Once the destination address responds with its physical address, ARP relays this information to IP so that IP can formulate the directed packet shown in Figure 5.17. Notice both the destination’s physical address and IP address are used in the creation of this directed packet. After this packet is transmitted on the wire, only machine B’s Network Interface layer responds to the physical address identified.

In this way, local communications are initiated. Observe the subtle differences between communicating with a local machine versus a remote machine.

The first step is for machine A to use its subnet mask to determine whether this IP address is local or remote. After determining that the IP address is remote, it consults the route table to determine where to send packets destined for this IP address. After consulting the default table, the machine does not find any entries specific to network 3. It does, however, have a default gateway defined at 131.107.32.1.

Therefore, any packets destined for networks this machine does not know about should be sent to the default gateway at 131.107.32.1. IP asks ARP to find the physical address of the default gateway because that is where this packet will have to be sent.

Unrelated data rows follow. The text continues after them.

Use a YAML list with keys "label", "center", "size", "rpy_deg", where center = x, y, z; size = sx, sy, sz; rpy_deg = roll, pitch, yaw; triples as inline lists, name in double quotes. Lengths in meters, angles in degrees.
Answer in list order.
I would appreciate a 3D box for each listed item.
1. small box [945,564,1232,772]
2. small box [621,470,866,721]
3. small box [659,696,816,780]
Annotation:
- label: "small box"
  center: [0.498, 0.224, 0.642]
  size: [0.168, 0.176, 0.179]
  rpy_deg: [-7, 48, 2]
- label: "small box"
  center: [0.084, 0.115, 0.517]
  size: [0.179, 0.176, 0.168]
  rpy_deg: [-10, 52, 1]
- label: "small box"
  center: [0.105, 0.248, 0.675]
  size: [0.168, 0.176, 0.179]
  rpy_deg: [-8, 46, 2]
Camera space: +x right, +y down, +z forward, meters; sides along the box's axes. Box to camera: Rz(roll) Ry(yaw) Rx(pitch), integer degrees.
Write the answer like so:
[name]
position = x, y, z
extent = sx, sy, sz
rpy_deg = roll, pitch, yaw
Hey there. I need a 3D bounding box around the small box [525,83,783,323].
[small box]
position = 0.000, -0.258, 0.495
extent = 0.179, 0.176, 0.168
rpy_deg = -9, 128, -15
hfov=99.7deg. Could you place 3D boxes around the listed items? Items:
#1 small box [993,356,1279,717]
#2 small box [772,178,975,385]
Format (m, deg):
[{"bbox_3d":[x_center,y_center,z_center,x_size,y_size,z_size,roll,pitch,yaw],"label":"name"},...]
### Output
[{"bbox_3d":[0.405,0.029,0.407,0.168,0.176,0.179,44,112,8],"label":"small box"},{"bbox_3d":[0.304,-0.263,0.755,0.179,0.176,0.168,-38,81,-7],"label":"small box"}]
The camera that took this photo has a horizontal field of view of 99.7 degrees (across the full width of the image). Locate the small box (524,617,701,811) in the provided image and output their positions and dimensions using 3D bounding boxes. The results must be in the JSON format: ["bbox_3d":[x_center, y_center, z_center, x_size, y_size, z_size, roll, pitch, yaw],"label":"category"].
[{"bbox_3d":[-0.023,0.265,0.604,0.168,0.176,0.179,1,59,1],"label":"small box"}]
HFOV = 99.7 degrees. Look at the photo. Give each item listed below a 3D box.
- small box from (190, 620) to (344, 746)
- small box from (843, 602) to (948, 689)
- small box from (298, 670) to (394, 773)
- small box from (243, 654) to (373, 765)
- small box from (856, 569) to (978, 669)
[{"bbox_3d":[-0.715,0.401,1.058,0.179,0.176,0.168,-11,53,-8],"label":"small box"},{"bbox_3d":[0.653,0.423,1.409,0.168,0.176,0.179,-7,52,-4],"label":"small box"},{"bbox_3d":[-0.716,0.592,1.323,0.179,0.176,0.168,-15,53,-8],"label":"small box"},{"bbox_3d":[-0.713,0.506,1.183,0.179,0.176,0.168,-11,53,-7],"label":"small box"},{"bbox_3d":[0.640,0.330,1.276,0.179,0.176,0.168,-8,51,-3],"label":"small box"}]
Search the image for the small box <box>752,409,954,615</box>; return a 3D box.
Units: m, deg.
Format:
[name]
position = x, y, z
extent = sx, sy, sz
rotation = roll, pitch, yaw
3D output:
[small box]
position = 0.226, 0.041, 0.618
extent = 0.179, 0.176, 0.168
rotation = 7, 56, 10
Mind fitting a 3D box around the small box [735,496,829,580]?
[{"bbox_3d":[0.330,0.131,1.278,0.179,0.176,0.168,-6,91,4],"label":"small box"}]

ARP consults the ARP cache and either returns a physical address stored in memory or initiates an ARP broadcast for the router. Figure 5.18 illustrates this ARP packet. There does not appear to be anything special about this packet except for the address that ARP is looking for.

Once ARP locates the physical address of the router, it returns this physical address to IP so that IP can formulate the packet that will be sent. Figure 5.19 illustrates the packet that IP formulates. Take a close look at the destination physical address and the destination IP address.

Notice how cleverly IP handles the routing of the packet. IP has to keep the destination IP address the same as that issued by the ping command, but send the packet in such a way that it can be forwarded by the router. It does this by creating a packet destined for the original IP address at the Internet layer, but sending the packet to the physical address of the router at the network interface layer. IP knows that the router is the only machine that will respond to a packet destined for this physical address, but that once the router passes this packet up to the IP layer, the router will be responsible for forwarding this packet to its destination.

After the packet resides on the router, the router has to go through the same process as any other host or machine on the network. The router must use its subnet mask to determine whether the packet’s IP address is local or remote, access its route table to find the best possible route to the destination, and utilize ARP to find physical addresses to send the packet(s) to.

If this example had more routers and network segments, the first router would be responsible for figuring out the best route to the destination network. After it determined the best route, it would forward this data on to its next hop or router. This second router would go through the same motions, figuring out the best path to send the data along to its final destination.

Of course, discussion up to this point has focused on how the local machine gets a packet from itself to the first router along the path to a packet’s destination. Both routers and machines keep a routing table. On a machine, this table is usually relatively short and simply defines the network that the machine is currently on and the machine’s interface (IP address) to that network. On routers, these tables can be long and complex, but by default, a router knows only about the networks to which it has a physical interface. For instance, in Figure 5.16, the router only knows about networks 1, 2, and 3, because it has a physical interface to each.